Sign 2 — Repair Costs Have Exceeded 60% of Replacement Value in 3 Years
This is the clearest financial signal available. Add up every irrigation repair invoice from the last 36 months — solenoid replacements, head repairs, pipe fixes, callout fees, controller adjustments. If that total exceeds 60% of what a new system would cost, replacement is the financially rational decision.
The logic: if you’ve spent $4,800 repairing a system that costs $8,000 to replace, you’ve paid 60% of a new system’s cost — for a system that’s now 3 years older, still failing, and still going to need replacement eventually. You’ve effectively paid for most of a new system without getting one.

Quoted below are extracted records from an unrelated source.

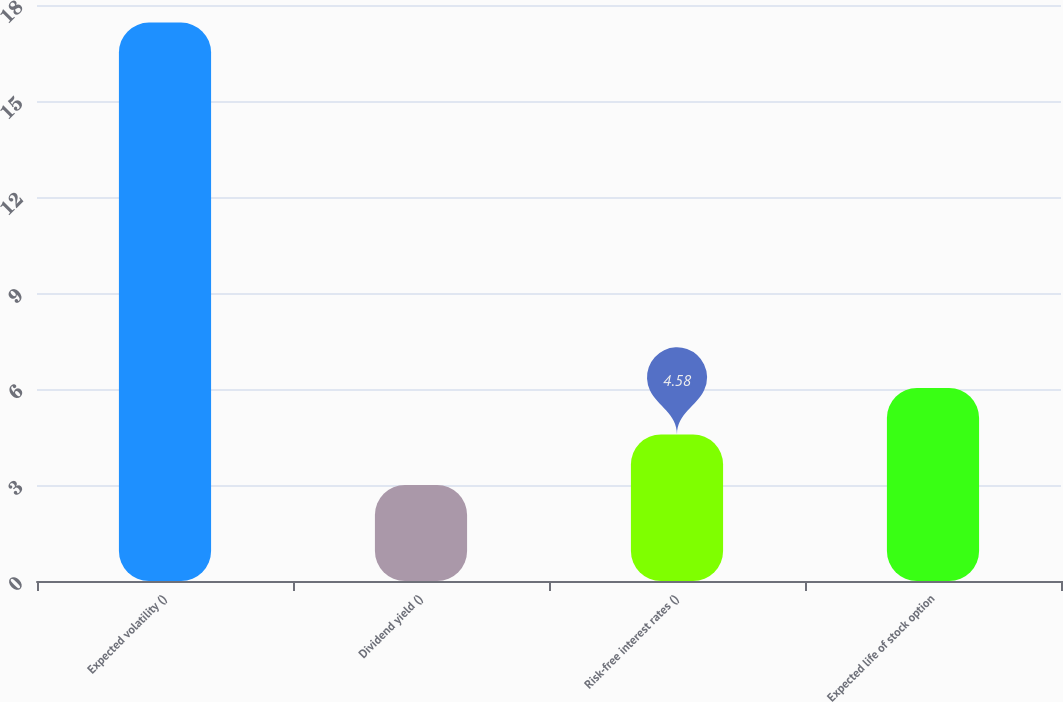Convert chart to OTSL. <chart><loc_0><loc_0><loc_500><loc_500><bar_chart><fcel>Expected volatility ()<fcel>Dividend yield ()<fcel>Risk-free interest rates ()<fcel>Expected life of stock option<nl><fcel>17.45<fcel>3<fcel>4.58<fcel>6.03<nl></chart> 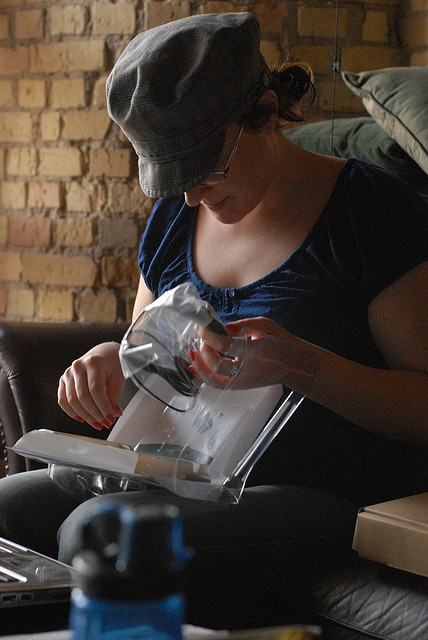Describe the objects in this image and their specific colors. I can see people in olive, black, gray, maroon, and darkgray tones, bottle in olive, black, navy, blue, and gray tones, couch in olive, black, gray, and maroon tones, and laptop in olive, gray, black, and white tones in this image. 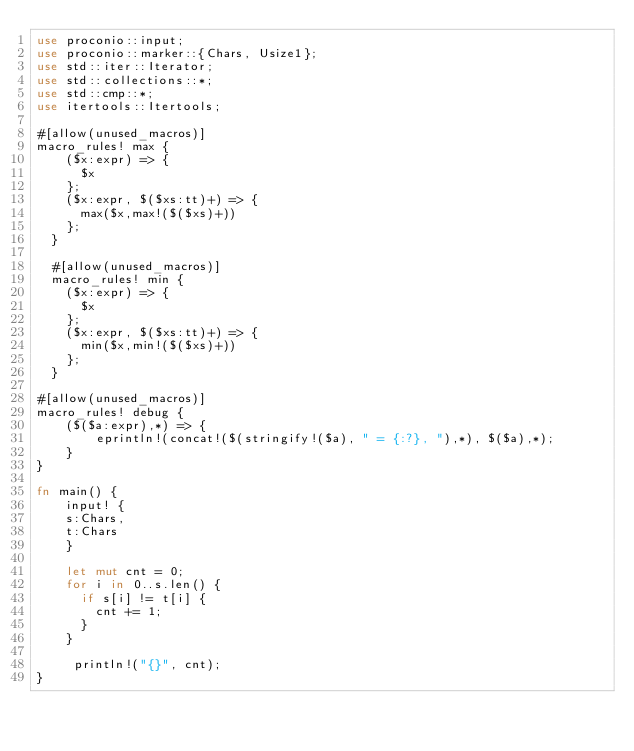Convert code to text. <code><loc_0><loc_0><loc_500><loc_500><_Rust_>use proconio::input;
use proconio::marker::{Chars, Usize1};
use std::iter::Iterator;
use std::collections::*;
use std::cmp::*;
use itertools::Itertools;

#[allow(unused_macros)]
macro_rules! max {
    ($x:expr) => {
      $x
    };
    ($x:expr, $($xs:tt)+) => {
      max($x,max!($($xs)+))
    };
  }
  
  #[allow(unused_macros)]
  macro_rules! min {
    ($x:expr) => {
      $x
    };
    ($x:expr, $($xs:tt)+) => {
      min($x,min!($($xs)+))
    };
  }

#[allow(unused_macros)]
macro_rules! debug {
    ($($a:expr),*) => {
        eprintln!(concat!($(stringify!($a), " = {:?}, "),*), $($a),*);
    }
}

fn main() {
    input! {
    s:Chars,
    t:Chars
    }

    let mut cnt = 0;
    for i in 0..s.len() {
      if s[i] != t[i] {
        cnt += 1;
      }
    }

     println!("{}", cnt);
}
</code> 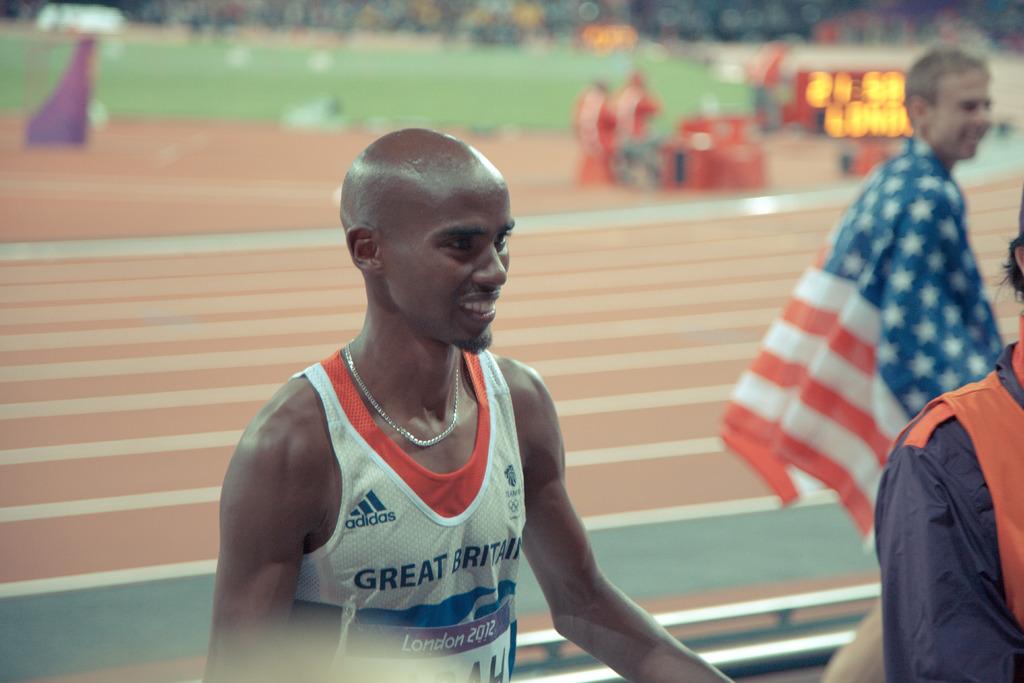What team is he on?
Offer a very short reply. Great britain. What type of athletic shoe is being sponsored on the mans shirt?
Your response must be concise. Adidas. 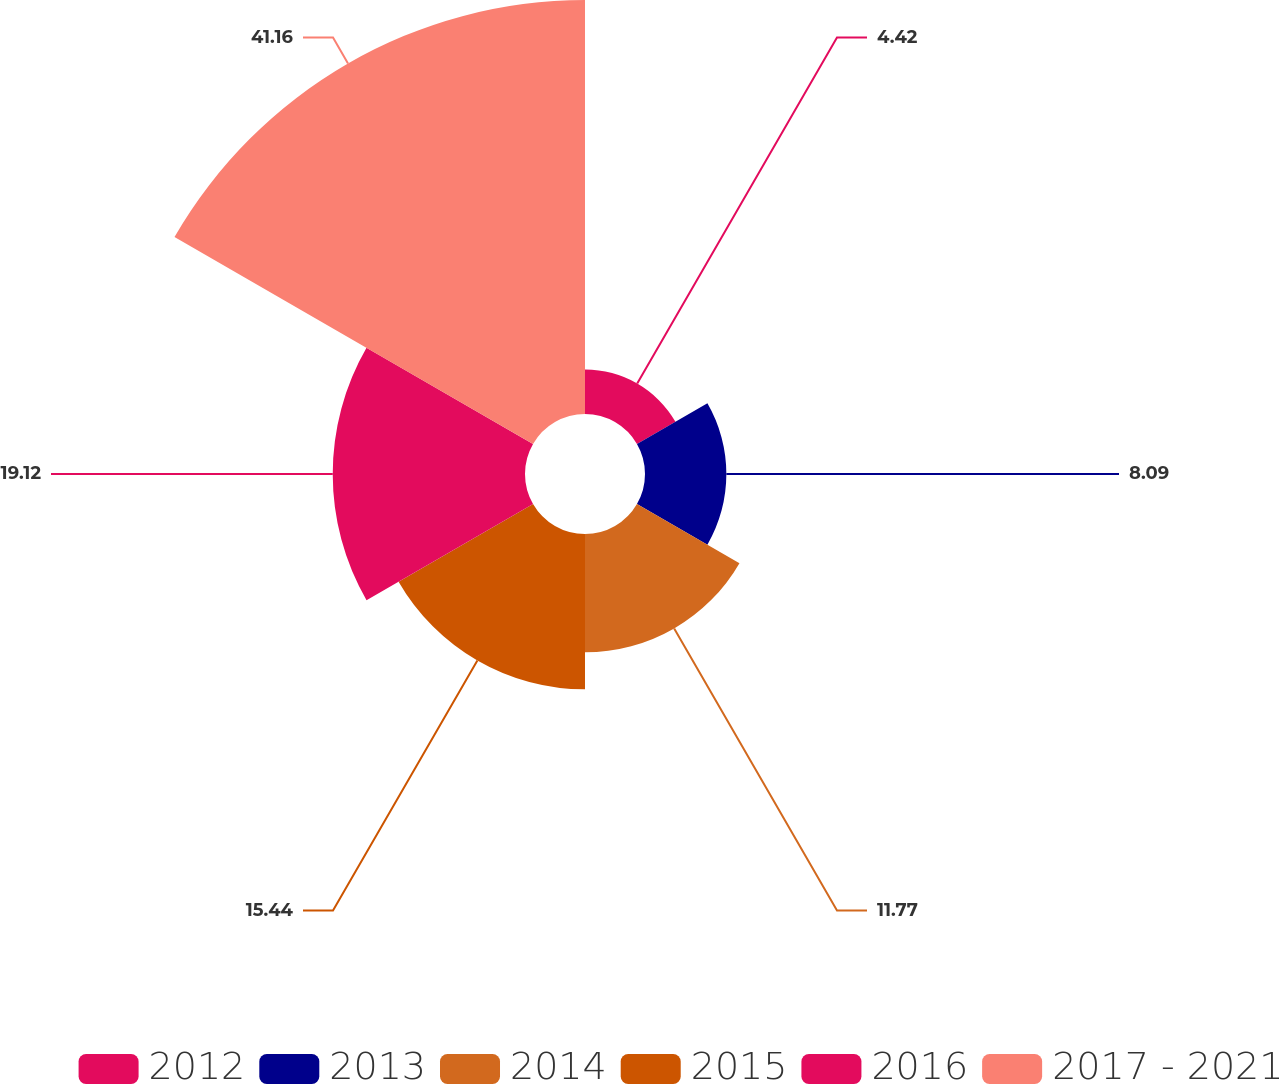<chart> <loc_0><loc_0><loc_500><loc_500><pie_chart><fcel>2012<fcel>2013<fcel>2014<fcel>2015<fcel>2016<fcel>2017 - 2021<nl><fcel>4.42%<fcel>8.09%<fcel>11.77%<fcel>15.44%<fcel>19.12%<fcel>41.17%<nl></chart> 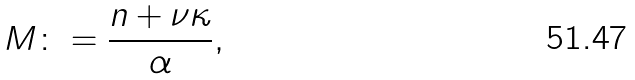Convert formula to latex. <formula><loc_0><loc_0><loc_500><loc_500>M \colon = \frac { n + \nu \kappa } { \alpha } ,</formula>

Ask your strata manager to pull all irrigation-related invoices from the last 3 years. Add them up. Then get a replacement quote. If repair costs ÷ replacement quote × 100 is above 60% — the committee has a clear financial case for replacement over continued repair. This calculation also constitutes documented due diligence in the capital works fund planning process.
Sign 3 — Multiple Solenoid Valves Are Failing in Sequence
One solenoid failure is a repair. Two solenoid failures in 12 months across different zones is a pattern. Three or more is a system-wide signal.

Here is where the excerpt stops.